Pub Date : 2022-07-01
J Morales-Nuño, A A Peña-Riveron, M Ruiz-Suárez, I D Morales-González, C S Wiedman-Duarte, H J Durán-Arizaga

Introduction: arthroscopic shoulder surgery has recently gained popularity, however, postoperative pain is reported as moderate to severe. Regional anesthesia is useful for the control of postoperative pain. Interscalene and supraclavicular blocks produce diaphragmatic paralysis in different proportions. The aim of this study is to find the percentage and duration of hemidiaphragmatic paralysis, by means of ultrasonographic measurements, correlated with spirometry, comparing the supraclavicular approach with interscalene.

Material and methods: clinical, controlled and randomized trial. Fifty-two patients, between 18 and 90 years of age, scheduled for arthroscopic shoulder surgery were included, divided into 2 groups (interscalene or supraclavicular block). Diaphragmatic excursion was measured and spirometry was performed prior to admission to the operating room and 24 hours after installation of the block, the study concluded 24 hours after the anesthetic event.

Results: vital capacity was reduced by 0.7% in the supraclavicular block and 7.7% for the interscalene, FEV1 was reduced by 0.2% for the supraclavicular and 9.5% in the interscalene with a statistically significant difference (p = 0.001). Diaphragmatic paralysis in spontaneous ventilation appeared in both approaches at 30 minutes, without significant difference. At 6 and 8 hours, paralysis continued in the interscalene group, while in the supraclavicular approach it remained preserved compared to the baseline.

Conclusions: supraclavicular block is as effective as interscalene block in arthroscopic shoulder surgery, with less diaphragmatic block (1.5 times more diaphragmatic paralysis in interscalene).

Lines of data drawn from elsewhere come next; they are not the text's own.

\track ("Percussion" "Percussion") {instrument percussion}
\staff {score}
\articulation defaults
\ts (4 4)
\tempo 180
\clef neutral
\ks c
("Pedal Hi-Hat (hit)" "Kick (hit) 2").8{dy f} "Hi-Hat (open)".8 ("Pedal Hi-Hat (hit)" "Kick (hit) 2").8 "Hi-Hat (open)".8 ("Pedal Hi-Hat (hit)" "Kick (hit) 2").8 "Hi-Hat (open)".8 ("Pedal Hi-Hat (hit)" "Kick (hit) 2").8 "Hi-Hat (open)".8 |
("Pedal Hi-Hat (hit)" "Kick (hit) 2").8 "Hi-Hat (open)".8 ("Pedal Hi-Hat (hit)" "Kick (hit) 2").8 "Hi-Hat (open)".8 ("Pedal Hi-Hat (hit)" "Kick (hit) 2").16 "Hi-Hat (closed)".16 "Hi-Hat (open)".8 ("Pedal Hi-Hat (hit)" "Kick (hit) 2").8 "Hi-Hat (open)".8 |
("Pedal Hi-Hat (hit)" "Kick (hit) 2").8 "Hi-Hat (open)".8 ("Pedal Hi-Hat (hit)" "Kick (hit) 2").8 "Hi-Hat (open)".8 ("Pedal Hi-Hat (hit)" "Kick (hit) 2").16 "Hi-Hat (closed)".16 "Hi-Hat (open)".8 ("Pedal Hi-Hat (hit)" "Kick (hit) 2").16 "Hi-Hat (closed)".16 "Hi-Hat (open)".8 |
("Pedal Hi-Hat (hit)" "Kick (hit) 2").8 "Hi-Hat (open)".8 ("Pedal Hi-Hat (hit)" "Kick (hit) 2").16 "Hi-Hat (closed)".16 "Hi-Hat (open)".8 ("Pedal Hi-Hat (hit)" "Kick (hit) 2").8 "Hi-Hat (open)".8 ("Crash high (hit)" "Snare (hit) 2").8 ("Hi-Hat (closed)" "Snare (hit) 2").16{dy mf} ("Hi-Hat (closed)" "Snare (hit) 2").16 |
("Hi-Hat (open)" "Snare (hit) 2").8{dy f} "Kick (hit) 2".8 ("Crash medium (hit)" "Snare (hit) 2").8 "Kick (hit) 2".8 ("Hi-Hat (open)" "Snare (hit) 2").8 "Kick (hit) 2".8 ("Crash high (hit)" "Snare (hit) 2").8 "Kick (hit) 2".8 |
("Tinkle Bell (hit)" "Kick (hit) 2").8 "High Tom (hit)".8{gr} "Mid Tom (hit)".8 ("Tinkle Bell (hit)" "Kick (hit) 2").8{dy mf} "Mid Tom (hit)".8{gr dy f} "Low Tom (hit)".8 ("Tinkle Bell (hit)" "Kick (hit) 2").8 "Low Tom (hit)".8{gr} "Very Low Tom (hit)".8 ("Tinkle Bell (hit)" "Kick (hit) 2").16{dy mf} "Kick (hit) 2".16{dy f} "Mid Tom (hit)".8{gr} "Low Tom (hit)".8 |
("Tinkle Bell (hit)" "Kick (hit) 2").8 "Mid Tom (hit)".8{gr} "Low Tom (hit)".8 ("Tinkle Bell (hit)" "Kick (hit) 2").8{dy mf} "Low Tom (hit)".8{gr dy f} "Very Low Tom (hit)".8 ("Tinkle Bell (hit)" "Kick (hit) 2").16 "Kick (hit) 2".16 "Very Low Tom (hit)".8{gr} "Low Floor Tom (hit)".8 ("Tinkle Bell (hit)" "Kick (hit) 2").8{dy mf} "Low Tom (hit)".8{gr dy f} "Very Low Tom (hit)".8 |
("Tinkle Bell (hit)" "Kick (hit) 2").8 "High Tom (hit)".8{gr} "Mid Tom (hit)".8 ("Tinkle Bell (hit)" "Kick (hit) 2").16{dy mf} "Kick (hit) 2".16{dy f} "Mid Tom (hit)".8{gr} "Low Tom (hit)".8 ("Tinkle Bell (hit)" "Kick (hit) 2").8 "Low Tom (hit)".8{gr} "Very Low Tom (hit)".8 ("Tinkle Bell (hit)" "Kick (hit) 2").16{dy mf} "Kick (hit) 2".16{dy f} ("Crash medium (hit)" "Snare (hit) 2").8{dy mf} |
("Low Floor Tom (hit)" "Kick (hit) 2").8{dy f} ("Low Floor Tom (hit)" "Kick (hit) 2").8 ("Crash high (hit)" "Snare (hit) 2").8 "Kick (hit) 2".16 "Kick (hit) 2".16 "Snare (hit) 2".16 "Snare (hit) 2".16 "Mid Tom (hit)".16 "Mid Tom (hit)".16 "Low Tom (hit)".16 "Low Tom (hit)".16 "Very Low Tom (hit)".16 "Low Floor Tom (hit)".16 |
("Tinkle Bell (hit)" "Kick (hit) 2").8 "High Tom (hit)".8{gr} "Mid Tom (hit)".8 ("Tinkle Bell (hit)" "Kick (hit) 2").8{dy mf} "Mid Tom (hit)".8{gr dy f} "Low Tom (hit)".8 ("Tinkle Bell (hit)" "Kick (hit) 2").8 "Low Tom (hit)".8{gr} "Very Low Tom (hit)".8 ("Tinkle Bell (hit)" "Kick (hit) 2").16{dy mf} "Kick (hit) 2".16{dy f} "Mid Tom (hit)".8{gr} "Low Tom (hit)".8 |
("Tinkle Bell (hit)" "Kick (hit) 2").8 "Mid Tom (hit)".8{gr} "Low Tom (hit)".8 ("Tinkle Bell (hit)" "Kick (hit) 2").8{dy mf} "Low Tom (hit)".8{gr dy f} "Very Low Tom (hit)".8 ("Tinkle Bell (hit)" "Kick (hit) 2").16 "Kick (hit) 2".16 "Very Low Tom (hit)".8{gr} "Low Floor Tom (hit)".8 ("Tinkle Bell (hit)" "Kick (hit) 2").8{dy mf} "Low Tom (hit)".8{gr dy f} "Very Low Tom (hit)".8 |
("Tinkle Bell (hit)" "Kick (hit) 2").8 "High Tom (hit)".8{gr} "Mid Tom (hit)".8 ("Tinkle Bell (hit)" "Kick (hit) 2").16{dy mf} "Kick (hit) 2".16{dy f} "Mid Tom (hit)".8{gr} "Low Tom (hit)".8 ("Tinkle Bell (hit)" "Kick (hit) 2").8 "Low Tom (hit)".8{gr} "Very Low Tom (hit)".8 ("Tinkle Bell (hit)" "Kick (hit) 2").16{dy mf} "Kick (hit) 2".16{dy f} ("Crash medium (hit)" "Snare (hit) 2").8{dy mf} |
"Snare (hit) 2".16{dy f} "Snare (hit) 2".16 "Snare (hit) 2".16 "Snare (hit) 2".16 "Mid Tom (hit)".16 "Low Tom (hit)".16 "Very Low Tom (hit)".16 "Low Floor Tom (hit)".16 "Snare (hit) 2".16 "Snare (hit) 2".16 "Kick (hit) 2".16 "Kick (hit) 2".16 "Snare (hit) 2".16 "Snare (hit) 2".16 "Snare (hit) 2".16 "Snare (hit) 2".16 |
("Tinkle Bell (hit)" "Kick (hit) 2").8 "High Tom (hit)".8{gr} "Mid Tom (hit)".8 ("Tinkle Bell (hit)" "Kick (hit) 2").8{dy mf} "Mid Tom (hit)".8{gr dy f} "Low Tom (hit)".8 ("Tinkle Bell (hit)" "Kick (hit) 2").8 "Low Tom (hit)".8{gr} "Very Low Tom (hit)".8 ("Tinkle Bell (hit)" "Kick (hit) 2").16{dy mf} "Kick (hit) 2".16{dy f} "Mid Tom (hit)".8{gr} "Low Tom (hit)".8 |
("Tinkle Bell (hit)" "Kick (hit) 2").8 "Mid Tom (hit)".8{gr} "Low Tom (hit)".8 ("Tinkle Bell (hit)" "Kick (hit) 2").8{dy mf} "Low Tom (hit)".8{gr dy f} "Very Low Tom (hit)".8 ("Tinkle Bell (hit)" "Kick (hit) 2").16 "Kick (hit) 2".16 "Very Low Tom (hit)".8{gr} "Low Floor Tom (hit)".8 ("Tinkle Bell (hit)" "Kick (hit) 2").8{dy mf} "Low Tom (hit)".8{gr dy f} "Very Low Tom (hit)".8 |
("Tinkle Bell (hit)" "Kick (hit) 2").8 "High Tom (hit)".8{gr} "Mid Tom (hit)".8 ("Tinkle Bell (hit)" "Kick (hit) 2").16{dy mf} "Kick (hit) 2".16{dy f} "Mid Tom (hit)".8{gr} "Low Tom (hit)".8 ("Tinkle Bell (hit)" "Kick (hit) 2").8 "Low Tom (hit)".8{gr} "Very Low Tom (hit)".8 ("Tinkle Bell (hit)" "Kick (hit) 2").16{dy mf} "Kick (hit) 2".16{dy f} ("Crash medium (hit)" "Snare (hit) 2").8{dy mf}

关节镜肩关节手术最近越来越流行,然而,术后疼痛据报道为中度至重度。局部麻醉有助于控制术后疼痛。斜角肌间阻滞和锁骨上阻滞造成不同比例的膈肌麻痹。本研究的目的是通过超声测量和肺活量测定,比较锁骨上入路和斜角肌间入路,发现半膈肌麻痹的百分比和持续时间。材料和方法:临床、对照和随机试验。纳入52例年龄在18 ~ 90岁之间,计划行肩关节镜手术的患者,分为2组(斜角肌间阻滞组或锁骨上阻滞组)。在进入手术室前和安装阻滞24小时后测量膈肌偏移和肺活量,研究在麻醉事件24小时后结束。结果:锁骨上阻滞组肺活量下降0.7%,斜角肌间阻滞组肺活量下降7.7%,锁骨上阻滞组肺活量下降0.2%,斜角肌间阻滞组肺活量下降9.5%,差异有统计学意义(p = 0.001)。自发通气后30分钟两种入路均出现膈肌麻痹,差异无统计学意义。在6和8小时时,斜角肌间组继续瘫痪,而锁骨上入路与基线相比仍保持瘫痪。结论:锁骨上阻滞与斜角肌间阻滞在肩关节镜手术中同样有效,但其膈阻滞较少(斜角肌间膈麻痹多1.5倍)。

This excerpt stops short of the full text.